[Records from a data collection]
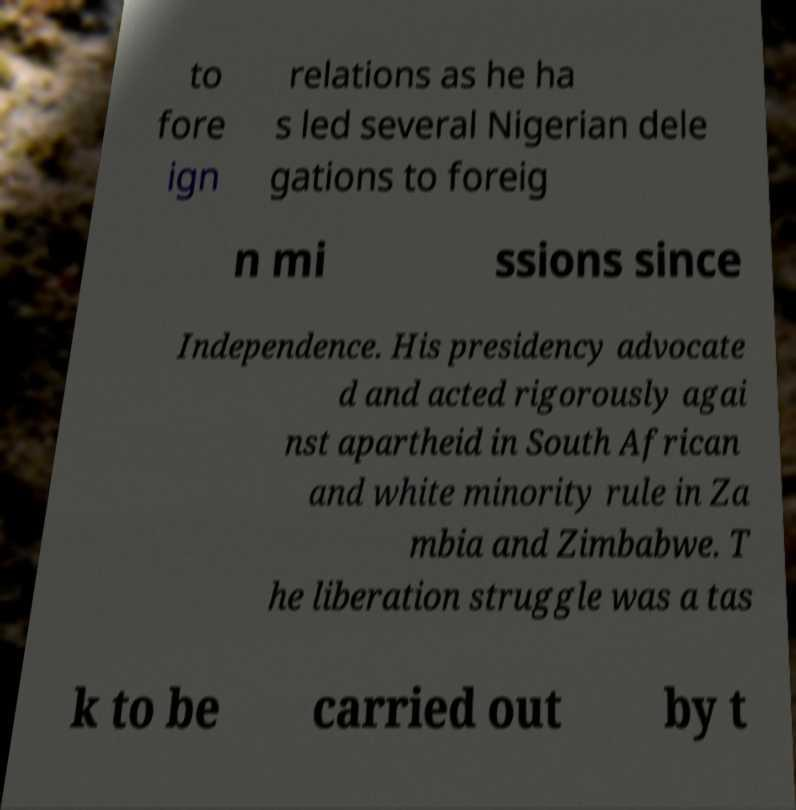Please read and relay the text visible in this image. What does it say? to fore ign relations as he ha s led several Nigerian dele gations to foreig n mi ssions since Independence. His presidency advocate d and acted rigorously agai nst apartheid in South African and white minority rule in Za mbia and Zimbabwe. T he liberation struggle was a tas k to be carried out by t 
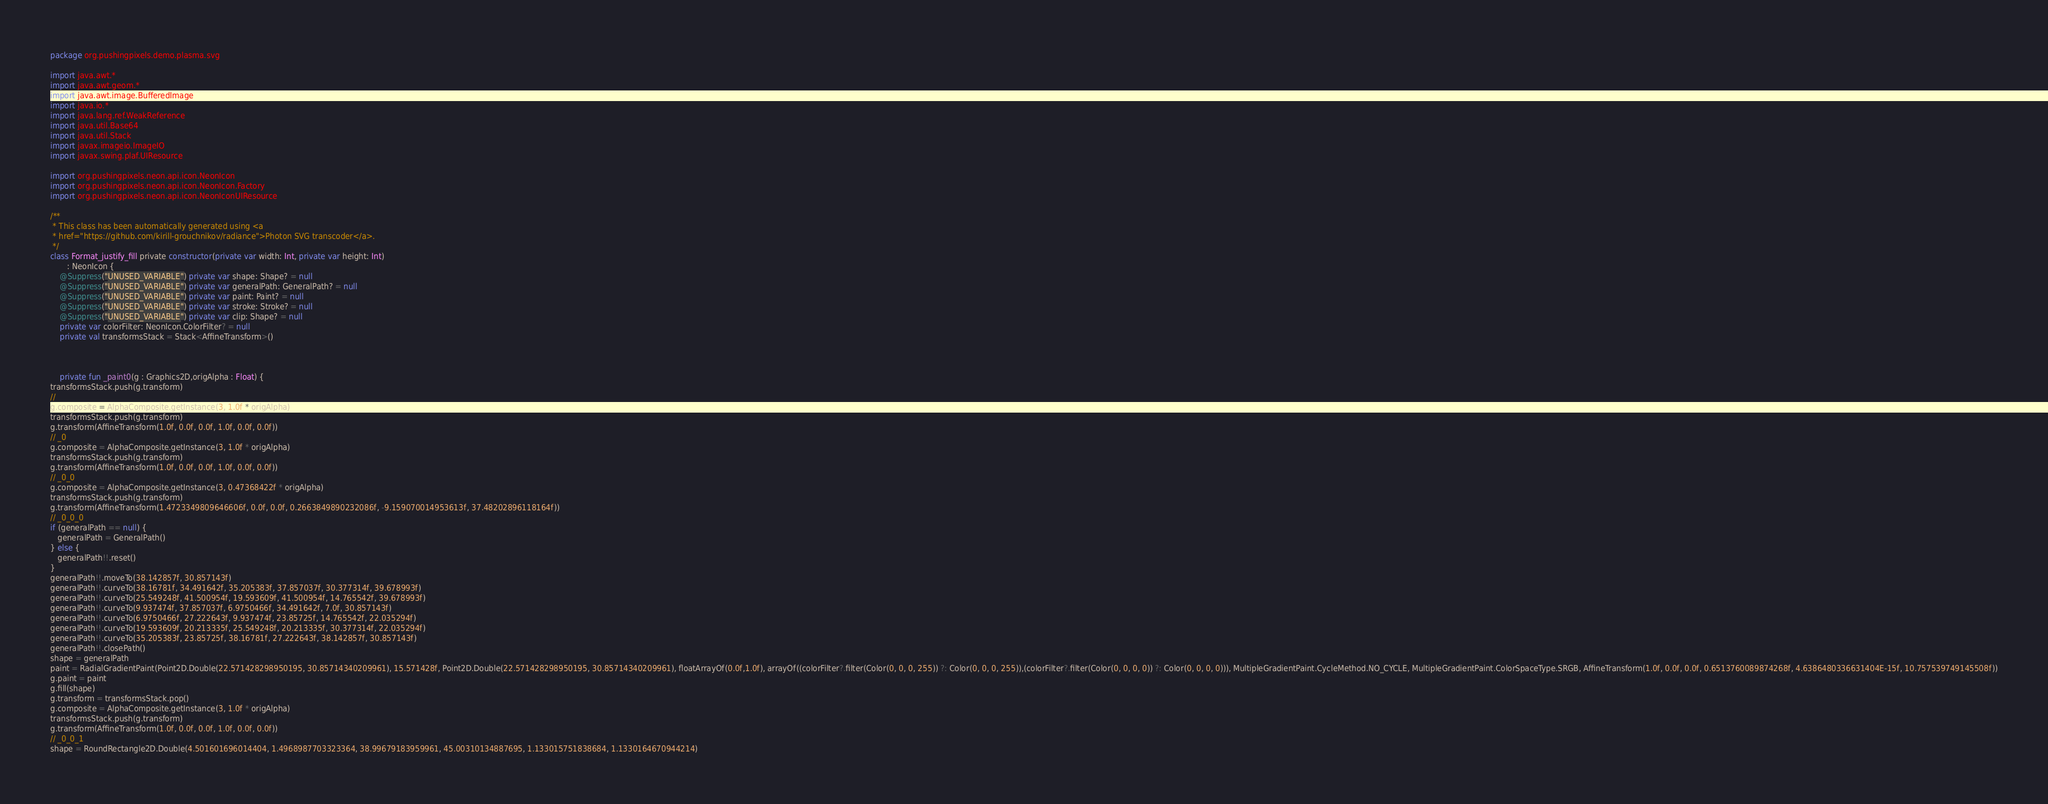Convert code to text. <code><loc_0><loc_0><loc_500><loc_500><_Kotlin_>package org.pushingpixels.demo.plasma.svg

import java.awt.*
import java.awt.geom.*
import java.awt.image.BufferedImage
import java.io.*
import java.lang.ref.WeakReference
import java.util.Base64
import java.util.Stack
import javax.imageio.ImageIO
import javax.swing.plaf.UIResource

import org.pushingpixels.neon.api.icon.NeonIcon
import org.pushingpixels.neon.api.icon.NeonIcon.Factory
import org.pushingpixels.neon.api.icon.NeonIconUIResource

/**
 * This class has been automatically generated using <a
 * href="https://github.com/kirill-grouchnikov/radiance">Photon SVG transcoder</a>.
 */
class Format_justify_fill private constructor(private var width: Int, private var height: Int)
       : NeonIcon {
    @Suppress("UNUSED_VARIABLE") private var shape: Shape? = null
    @Suppress("UNUSED_VARIABLE") private var generalPath: GeneralPath? = null
    @Suppress("UNUSED_VARIABLE") private var paint: Paint? = null
    @Suppress("UNUSED_VARIABLE") private var stroke: Stroke? = null
    @Suppress("UNUSED_VARIABLE") private var clip: Shape? = null
    private var colorFilter: NeonIcon.ColorFilter? = null
    private val transformsStack = Stack<AffineTransform>()

    

	private fun _paint0(g : Graphics2D,origAlpha : Float) {
transformsStack.push(g.transform)
// 
g.composite = AlphaComposite.getInstance(3, 1.0f * origAlpha)
transformsStack.push(g.transform)
g.transform(AffineTransform(1.0f, 0.0f, 0.0f, 1.0f, 0.0f, 0.0f))
// _0
g.composite = AlphaComposite.getInstance(3, 1.0f * origAlpha)
transformsStack.push(g.transform)
g.transform(AffineTransform(1.0f, 0.0f, 0.0f, 1.0f, 0.0f, 0.0f))
// _0_0
g.composite = AlphaComposite.getInstance(3, 0.47368422f * origAlpha)
transformsStack.push(g.transform)
g.transform(AffineTransform(1.4723349809646606f, 0.0f, 0.0f, 0.2663849890232086f, -9.159070014953613f, 37.48202896118164f))
// _0_0_0
if (generalPath == null) {
   generalPath = GeneralPath()
} else {
   generalPath!!.reset()
}
generalPath!!.moveTo(38.142857f, 30.857143f)
generalPath!!.curveTo(38.16781f, 34.491642f, 35.205383f, 37.857037f, 30.377314f, 39.678993f)
generalPath!!.curveTo(25.549248f, 41.500954f, 19.593609f, 41.500954f, 14.765542f, 39.678993f)
generalPath!!.curveTo(9.937474f, 37.857037f, 6.9750466f, 34.491642f, 7.0f, 30.857143f)
generalPath!!.curveTo(6.9750466f, 27.222643f, 9.937474f, 23.85725f, 14.765542f, 22.035294f)
generalPath!!.curveTo(19.593609f, 20.213335f, 25.549248f, 20.213335f, 30.377314f, 22.035294f)
generalPath!!.curveTo(35.205383f, 23.85725f, 38.16781f, 27.222643f, 38.142857f, 30.857143f)
generalPath!!.closePath()
shape = generalPath
paint = RadialGradientPaint(Point2D.Double(22.571428298950195, 30.85714340209961), 15.571428f, Point2D.Double(22.571428298950195, 30.85714340209961), floatArrayOf(0.0f,1.0f), arrayOf((colorFilter?.filter(Color(0, 0, 0, 255)) ?: Color(0, 0, 0, 255)),(colorFilter?.filter(Color(0, 0, 0, 0)) ?: Color(0, 0, 0, 0))), MultipleGradientPaint.CycleMethod.NO_CYCLE, MultipleGradientPaint.ColorSpaceType.SRGB, AffineTransform(1.0f, 0.0f, 0.0f, 0.6513760089874268f, 4.6386480336631404E-15f, 10.757539749145508f))
g.paint = paint
g.fill(shape)
g.transform = transformsStack.pop()
g.composite = AlphaComposite.getInstance(3, 1.0f * origAlpha)
transformsStack.push(g.transform)
g.transform(AffineTransform(1.0f, 0.0f, 0.0f, 1.0f, 0.0f, 0.0f))
// _0_0_1
shape = RoundRectangle2D.Double(4.501601696014404, 1.4968987703323364, 38.99679183959961, 45.00310134887695, 1.133015751838684, 1.1330164670944214)</code>

=== Instructions for the task ===
The data above must be written out again word for word, without its pictures.

=== Solution to this problem ===
Please read and relay the text visible in this image. What does it say? to fore ign relations as he ha s led several Nigerian dele gations to foreig n mi ssions since Independence. His presidency advocate d and acted rigorously agai nst apartheid in South African and white minority rule in Za mbia and Zimbabwe. T he liberation struggle was a tas k to be carried out by t 
Convert code to text. <code><loc_0><loc_0><loc_500><loc_500><_Kotlin_>package org.pushingpixels.demo.plasma.svg

import java.awt.*
import java.awt.geom.*
import java.awt.image.BufferedImage
import java.io.*
import java.lang.ref.WeakReference
import java.util.Base64
import java.util.Stack
import javax.imageio.ImageIO
import javax.swing.plaf.UIResource

import org.pushingpixels.neon.api.icon.NeonIcon
import org.pushingpixels.neon.api.icon.NeonIcon.Factory
import org.pushingpixels.neon.api.icon.NeonIconUIResource

/**
 * This class has been automatically generated using <a
 * href="https://github.com/kirill-grouchnikov/radiance">Photon SVG transcoder</a>.
 */
class Format_justify_fill private constructor(private var width: Int, private var height: Int)
       : NeonIcon {
    @Suppress("UNUSED_VARIABLE") private var shape: Shape? = null
    @Suppress("UNUSED_VARIABLE") private var generalPath: GeneralPath? = null
    @Suppress("UNUSED_VARIABLE") private var paint: Paint? = null
    @Suppress("UNUSED_VARIABLE") private var stroke: Stroke? = null
    @Suppress("UNUSED_VARIABLE") private var clip: Shape? = null
    private var colorFilter: NeonIcon.ColorFilter? = null
    private val transformsStack = Stack<AffineTransform>()

    

	private fun _paint0(g : Graphics2D,origAlpha : Float) {
transformsStack.push(g.transform)
// 
g.composite = AlphaComposite.getInstance(3, 1.0f * origAlpha)
transformsStack.push(g.transform)
g.transform(AffineTransform(1.0f, 0.0f, 0.0f, 1.0f, 0.0f, 0.0f))
// _0
g.composite = AlphaComposite.getInstance(3, 1.0f * origAlpha)
transformsStack.push(g.transform)
g.transform(AffineTransform(1.0f, 0.0f, 0.0f, 1.0f, 0.0f, 0.0f))
// _0_0
g.composite = AlphaComposite.getInstance(3, 0.47368422f * origAlpha)
transformsStack.push(g.transform)
g.transform(AffineTransform(1.4723349809646606f, 0.0f, 0.0f, 0.2663849890232086f, -9.159070014953613f, 37.48202896118164f))
// _0_0_0
if (generalPath == null) {
   generalPath = GeneralPath()
} else {
   generalPath!!.reset()
}
generalPath!!.moveTo(38.142857f, 30.857143f)
generalPath!!.curveTo(38.16781f, 34.491642f, 35.205383f, 37.857037f, 30.377314f, 39.678993f)
generalPath!!.curveTo(25.549248f, 41.500954f, 19.593609f, 41.500954f, 14.765542f, 39.678993f)
generalPath!!.curveTo(9.937474f, 37.857037f, 6.9750466f, 34.491642f, 7.0f, 30.857143f)
generalPath!!.curveTo(6.9750466f, 27.222643f, 9.937474f, 23.85725f, 14.765542f, 22.035294f)
generalPath!!.curveTo(19.593609f, 20.213335f, 25.549248f, 20.213335f, 30.377314f, 22.035294f)
generalPath!!.curveTo(35.205383f, 23.85725f, 38.16781f, 27.222643f, 38.142857f, 30.857143f)
generalPath!!.closePath()
shape = generalPath
paint = RadialGradientPaint(Point2D.Double(22.571428298950195, 30.85714340209961), 15.571428f, Point2D.Double(22.571428298950195, 30.85714340209961), floatArrayOf(0.0f,1.0f), arrayOf((colorFilter?.filter(Color(0, 0, 0, 255)) ?: Color(0, 0, 0, 255)),(colorFilter?.filter(Color(0, 0, 0, 0)) ?: Color(0, 0, 0, 0))), MultipleGradientPaint.CycleMethod.NO_CYCLE, MultipleGradientPaint.ColorSpaceType.SRGB, AffineTransform(1.0f, 0.0f, 0.0f, 0.6513760089874268f, 4.6386480336631404E-15f, 10.757539749145508f))
g.paint = paint
g.fill(shape)
g.transform = transformsStack.pop()
g.composite = AlphaComposite.getInstance(3, 1.0f * origAlpha)
transformsStack.push(g.transform)
g.transform(AffineTransform(1.0f, 0.0f, 0.0f, 1.0f, 0.0f, 0.0f))
// _0_0_1
shape = RoundRectangle2D.Double(4.501601696014404, 1.4968987703323364, 38.99679183959961, 45.00310134887695, 1.133015751838684, 1.1330164670944214)</code>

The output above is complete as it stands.